Chancellor Rachel Reeves said on Wednesday that “economic growth is the number one mission of this government” as she unveiled a series of proposals to boost the UK’s economy.
But how quickly could the government get growth from the plans she announced?
Critics have argued some of the projects – such as expanding Heathrow – would not help in the near term.
BBC Verify has examined some of the key numbers and claims.
How slow is the UK’s growth?
The most recent official data shows there was virtually no growth in GDP – the overall size of the UK economy – between the July 2024 election and November 2024.
And the latest medium term official growth forecast from the Office for Budget Responsiblity, the government’s official forecaster, is for 1.6% GDP growth in 2029, which would be well below the pre-2008 financial crisis average growth of 2.8% a year.
However, the International Monetary Fund has forecast that the UK’s growth rate for 2025 and 2026 will be higher than in France and Germany.
Lower rates of GDP growth would translate into slower growth in our wages and incomes and general living standards.
Heathrow expansion
The chancellor said that allowing Heathrow to build a third runway would “create 100,000 jobs”, boost investment and exports and “unlock futher growth”.
She cited a new report by the consultancy Frontier Economics which found it could increase the UK’s potential GDP by 2050 by 0.43%, around £17bn.
That is broadly in line with the findings of an independent commission by Sir Howard Davies in 2015, which concluded a third runway at Heathrow would support UK trade and enhance productivity and push up GDP by 0.65-0.75% by 2050 relative to otherwise.
However, most analysts believe it would likely take many years before shovels went into the ground to start building a new runway, even with new reforms to speed up the planning process.
And the government will have a difficult balancing act to both expand Heathrow and meet its climate goals.
BBC Verify asked the Treasury for its source for the 100,000 jobs figure and it pointed to a 2017 report by the Department for Transport estimating that a new runway at Heathrow could add between 57,000 and 114,000 additional local jobs. Though that report added that “these jobs are not additional at the national level, as some jobs may have been displaced from other airports or other sectors.”
Oxford-Cambridge Growth Corridor
The chancellor in her speech claimed an Oxford and Cambridge Growth Corridor “could add up to £78bn to the UK economy by 2035”.

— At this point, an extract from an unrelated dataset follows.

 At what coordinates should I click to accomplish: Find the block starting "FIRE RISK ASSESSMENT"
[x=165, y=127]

This corridor is a resurrection of the previous government’s plans to join Oxford and Cambridge with new transport links and allow those two university and research hubs to expand.

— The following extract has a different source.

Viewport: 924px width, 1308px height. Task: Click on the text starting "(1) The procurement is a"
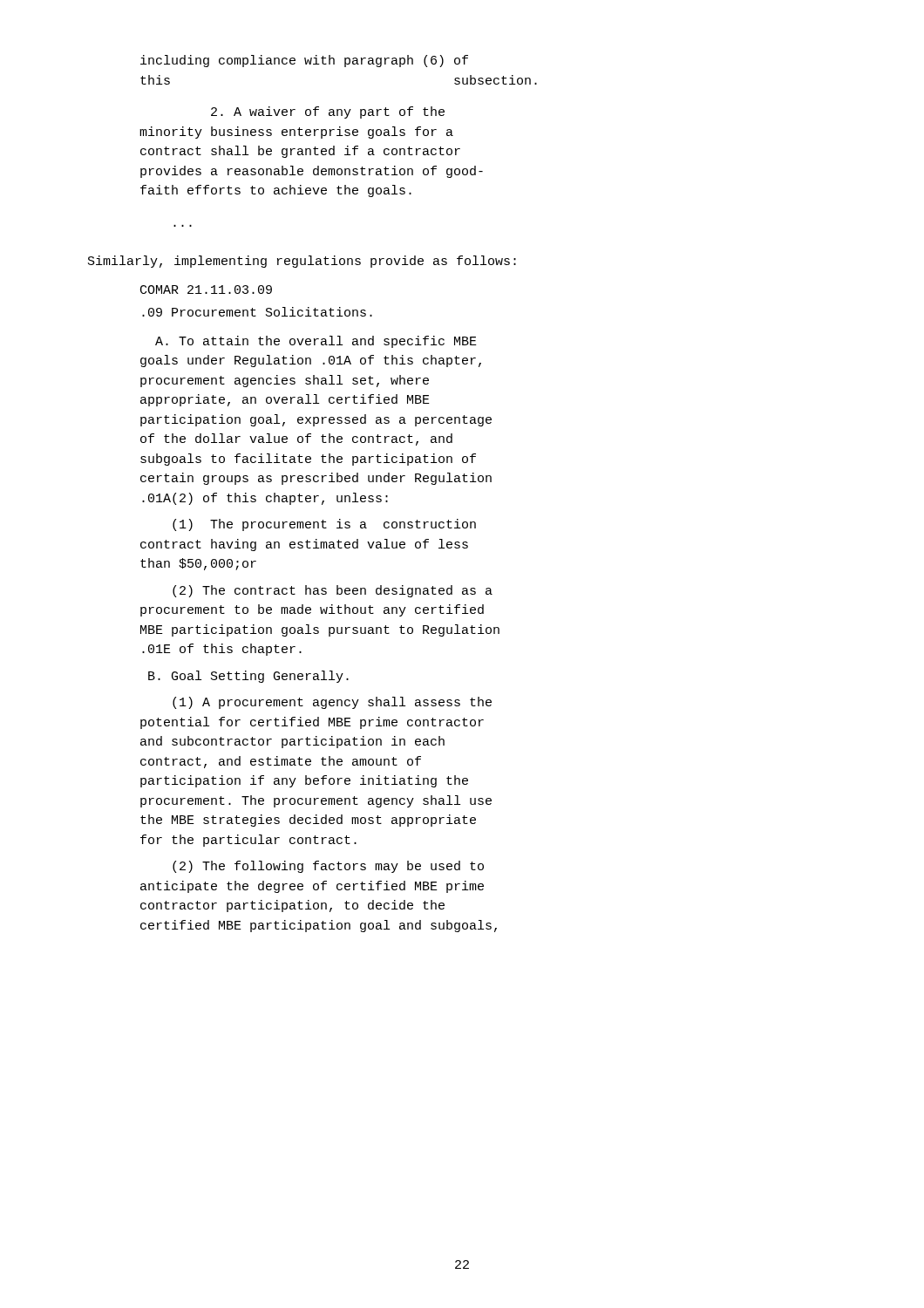(x=308, y=545)

In support of the chancellor’s figure, the Treasury has cited research by an industry group called the Oxford-Cambridge Supercluster.
This research shows that this £78bn is a “cumulative figure” over 10 years, not the boost in a given year.
The analysis suggests the project could add £25bn in Gross Value Added (GVA) a year to the UK economy by 2035.
That would constitute roughly a permanent 1% boost to UK GDP by that date.
Estimates of the impacts of an infrastructure project on growth are inherently uncertain and very sensitive to the assumptions of researchers about what would have happened to growth if it had never been built.
Yet most economists do believe infrastructure projects, especially those that allow already productive places to expand, will ultimately help the UK economy grow more rapidly than otherwise.
Ben Caswell, a senior economist at The National Institute of Economic and Social Research (Niesr), said: “Big infrastructure projects typically deliver growth over the long term, approximately 10 to 20 years.”
“There may be a small demand side boost in the short term when shovels are in the ground, but nothing so significant that you would see it in headline GDP growth figures.
“However, after the project is complete, the supply capacity of the economy is permanently enhanced, and, all other things equal, that delivers higher sustained GDP growth than would have otherwise been.”
Pensions reform
Another reform the chancellor says will be pro-growth is enabling UK companies to access the funds from their “defined benefit pension” pots, held on behalf of their workforces to fund their retirement.
Defined benefit pension schemes guarantee an annual pension payment to retired workers, based on their salary while they were in work.
Many of these defined benefit pension pots have moved into surplus in recent years due to the rise in interest rates since the pandemic, meaning their financial assets (their investments) are greater than their financial liabilities (what they have to pay out to pensioners).
The Treasury has said that approximately 75% of schemes are now in surplus and that the total surplus adds up to £160bn.
The chancellor wants to legislate to allow the firms to use these funds to invest, while keeping safeguards to protect and guarantee workers’ pension pay-outs.
Measuring the size of the surplus of defined benefit scheme depends on various complex assumptions about the scheme and its relationship to the employer.
The official Pension Regulator estimates that on one measurement the size in September 2024 was £207bn, but £137bn on a different measurement.
The Treasury’s estimate is roughly midway between the two.
If such sums were deployed that could, in theory, make a positive difference to overall UK business investment, which is regarded by economists as both a short term and a long term driver of GDP growth.
Total business investment in 2023, according to official data, was £258bn.
But the size of any boost from this pension reform would depend on companies being willing to invest their surpluses, which is subject to great uncertainty as many firms have been looking to offload their defined benefit pension schemes to insurance companies in recent years.